The Politics of Autonomy in Latin America:; The Art of Organizing Hope;
- Author: Ana Cecilia Dinerstein
- Subject: Sociology, political science, economic policy
- Publisher: Springer Science+Business Media
- Publication date: December 22, 2014
- Pages: 282
- ISBN: 9781137316011

= The Politics of Autonomy in Latin America =

2015 book on social and political science

The Politics of Autonomy in Latin America: The Art of Organizing Hope is a non-fiction book by Argentine-British sociologist Ana Cecilia Dinerstein. It was published by Palgrave Macmillan in 2015.

== Outline ==
The book offers a critical review and re-conceptualization of practicing autonomy, in light of social movement experiences that emerged in Latin America towards the end of the 20th century. Author Dinerstein argues that conventional understandings of autonomous social movements, such as fighting against power or striving for social change outside of traditional political parties, are insufficient to grasp their implications for bringing about radical social change in the 21st century.

The Politics of Autonomy in Latin America is grounded in Marxist schools of thought and draws on theories of the mid-20th century German philosopher Ernst Bloch, particularly his understanding of reality as an open process, described in The Principle of Hope as the human anthropological impulse to explore what is "not yet". This framework offers a conceptualization of autonomy as a "Figurative politics praxis" entailing four simultaneous modes of negation, creation, contradiction, and excess.
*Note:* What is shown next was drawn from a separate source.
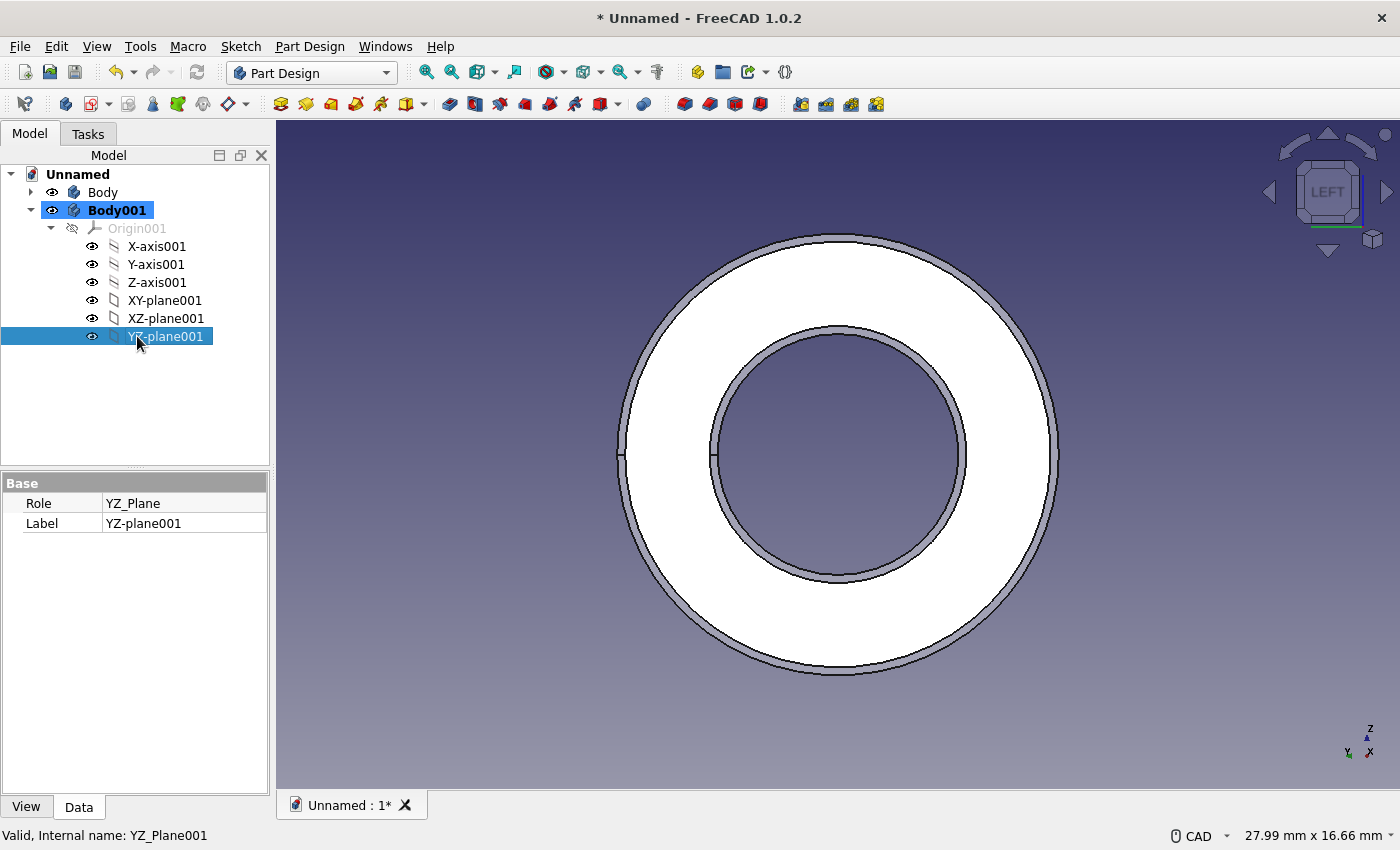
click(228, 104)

These four modes of autonomous praxis are developed in the text in light of the experiences of the Zapatista uprising in 1994, the unemployed worker's movement in Argentina in 2001–2002, the indigenous movements in Bolivia between 2000 and 2005, and landless workers' movements (MST) in Brazil.
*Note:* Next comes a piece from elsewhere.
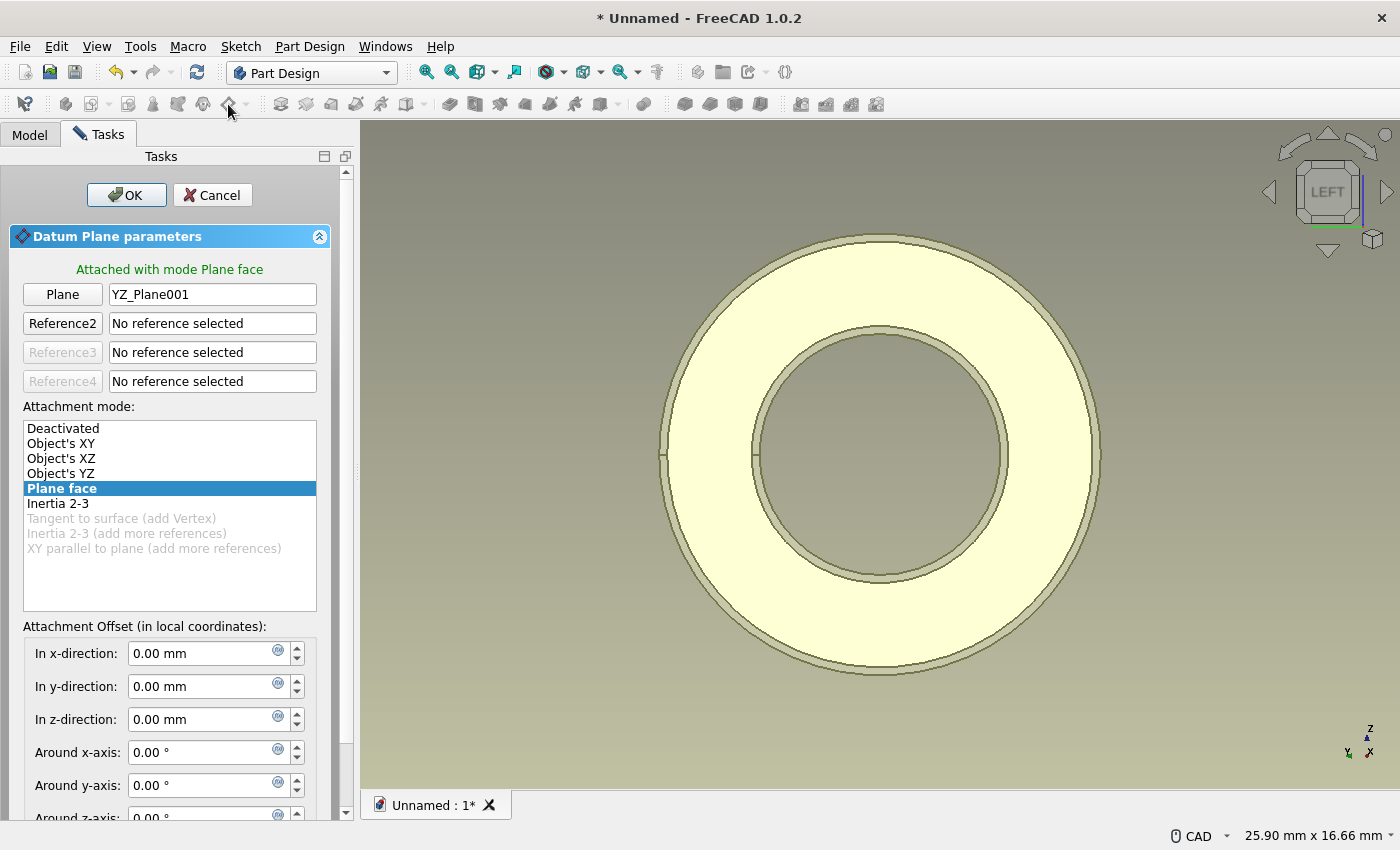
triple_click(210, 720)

The re-conceptualization of autonomy presented in this text is one of a multifaceted process of prefiguration "in the key of hope" or "the art of organizing hope". This concept aims to transcend the political and theoretical cul-de-sacs in which theorists and activists are "forced to opt for either autonomy or state; for taking power or remaining marginal... and ultimately for ending up with either integration or rebellion," while simultaneously avoiding the limitations of "fatalist critique or naïve optimism that too often pervade debates on autonomy."

== Reception ==
The Politics of Autonomy is described by Adam Fishwick as a "truly significant contribution not just to academic thinking on the subject of autonomy, but to the potential of making it – of operationalizing it – in practice". Ryan A. Knight called it "a much-needed alimentation for the radical imagination". David Bailey called it "a major contribution to minor Marxism". In the journal Radical Philosophy, Jeff Webber praised the book's "genuinely novel arguments that adjust our horizons from 'autonomy and the state' to the prefigurative potential of social movements in a Blochian frame of hope". However, he questioned Dinerstein's insistence that such movements are inherently suspicious of the state and "reject state power in principle", suggesting that her position "flattens out the region's much more complex concrete history... and is difficult to sustain empirically".

In 2016, Belgian artist collective Victoria Deluxe and twelve other organizations from the cultural sector, academia, the media, and civil society in Belgium developed a European research project, The Art of Organizing Hope (TAOH), named after the subtitle of the book, which they directly cite as their inspiration. Their stated goal was "to find and discover ideas, collaborations, practices, and structures around Europe that might foster a different societal order". The culmination of the project was a four-day New Narratives for Europe summit held in multiple venues in Ghent, Belgium, 8-11 November, 2018.

In 2018, the Center for the Study of Rural Development (CEDER), an educational NGO in Zautla-Ixtacamaxtitlán, Puebla, Mexico, ran a summer school around the idea of Art of Organizing Hope for 70 MSc students and local leaders.